TASK DESCRIPTION
Write out all of the records precisely. Skip anything that is a picture.

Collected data

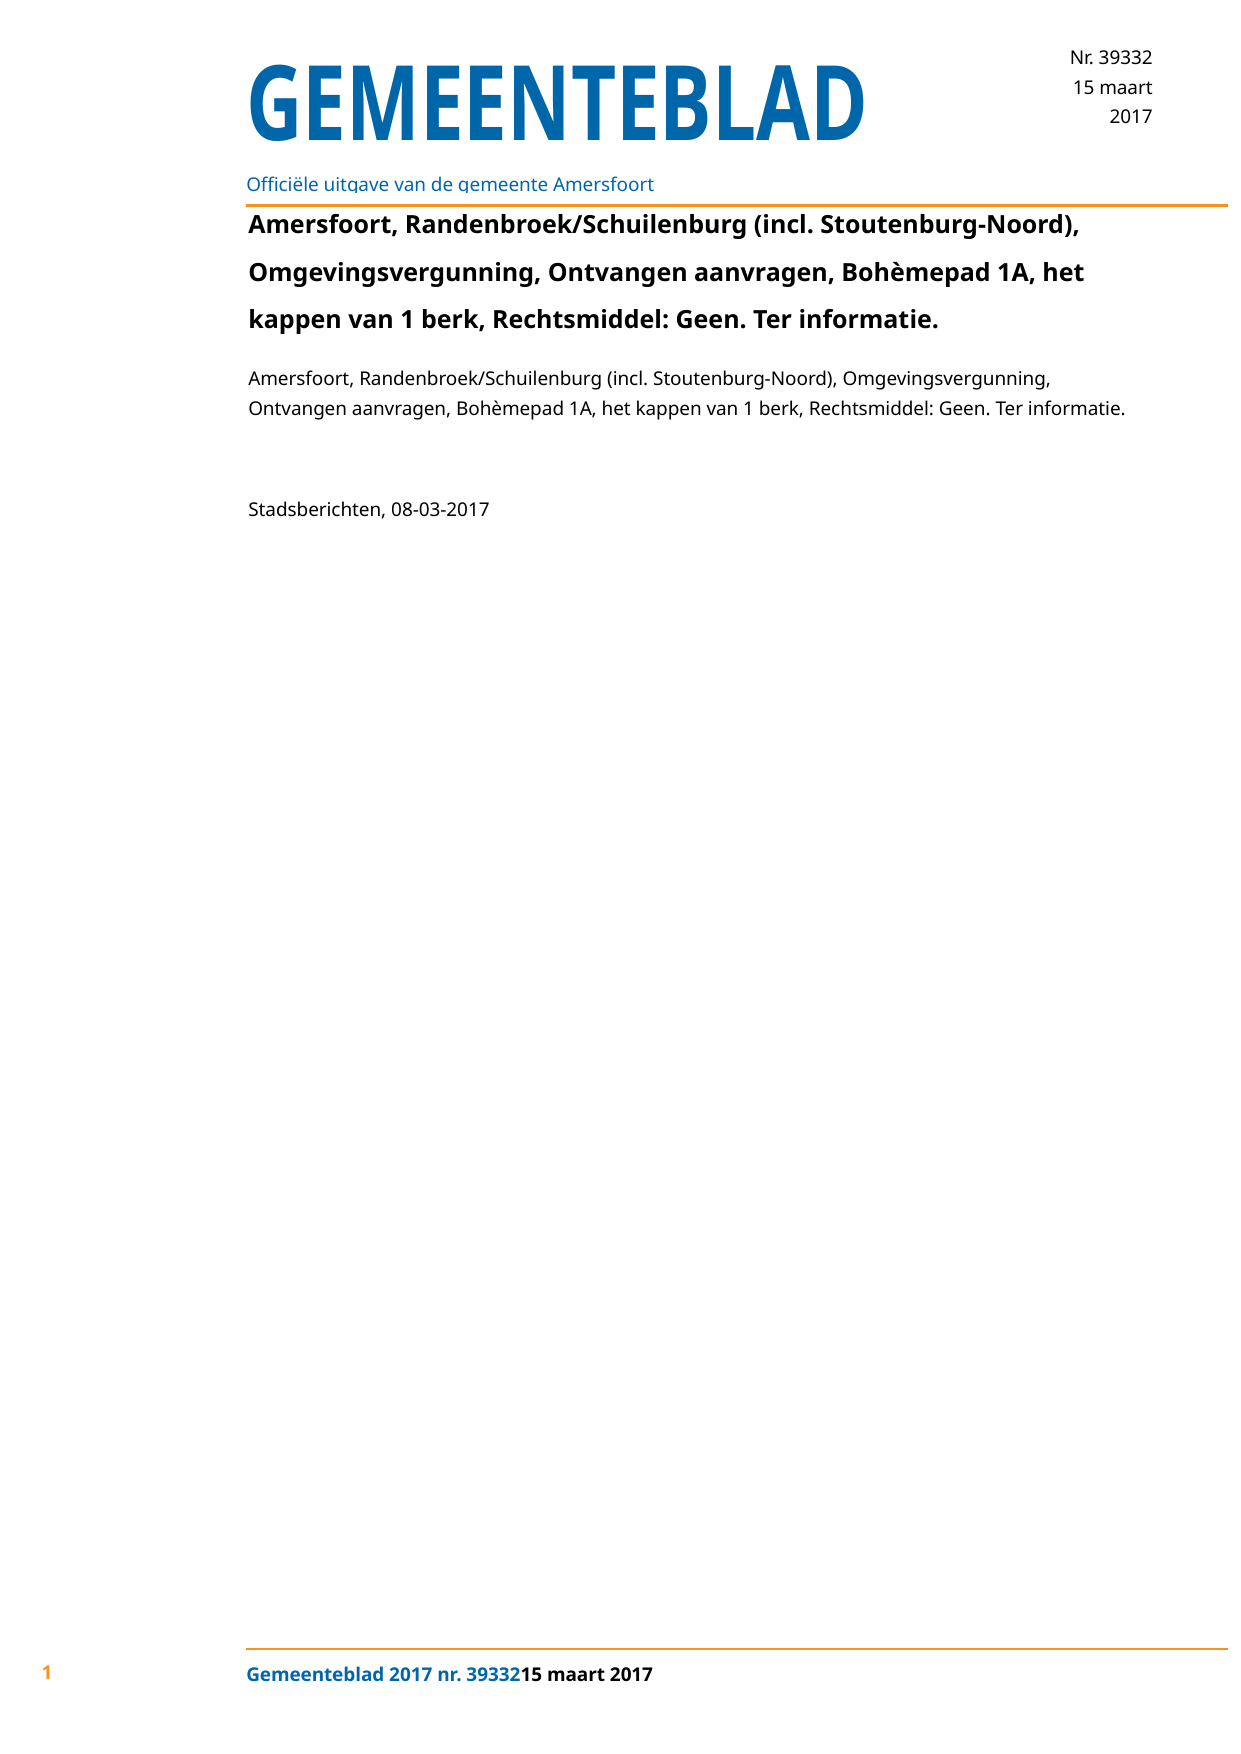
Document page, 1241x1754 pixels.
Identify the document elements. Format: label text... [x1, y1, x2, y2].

picture [41, 47, 231, 172]
text Stadsberichten, 08-03-2017 [248, 496, 1152, 522]
text Amersfoort, Randenbroek/Schuilenburg (incl. Stoutenburg-Noord), Omgevingsvergunning, Ontvangen aanvragen, Bohèmepad 1A, het kappen van 1 berk, Rechtsmiddel: Geen. Ter informatie. [248, 207, 1152, 336]
text Amersfoort, Randenbroek/Schuilenburg (incl. Stoutenburg-Noord), Omgevingsvergunning, Ontvangen aanvragen, Bohèmepad 1A, het kappen van 1 berk, Rechtsmiddel: Geen. Ter informatie. [248, 366, 1152, 421]

REPLY
Document page, 1241x1754 pixels.
Identify the document elements. Format: label text... [x1, y1, x2, y2].

picture [41, 47, 231, 172]
text Stadsberichten, 08-03-2017 [248, 496, 1152, 522]
text Amersfoort, Randenbroek/Schuilenburg (incl. Stoutenburg-Noord), Omgevingsvergunning, Ontvangen aanvragen, Bohèmepad 1A, het kappen van 1 berk, Rechtsmiddel: Geen. Ter informatie. [248, 207, 1152, 336]
text Amersfoort, Randenbroek/Schuilenburg (incl. Stoutenburg-Noord), Omgevingsvergunning, Ontvangen aanvragen, Bohèmepad 1A, het kappen van 1 berk, Rechtsmiddel: Geen. Ter informatie. [248, 366, 1152, 421]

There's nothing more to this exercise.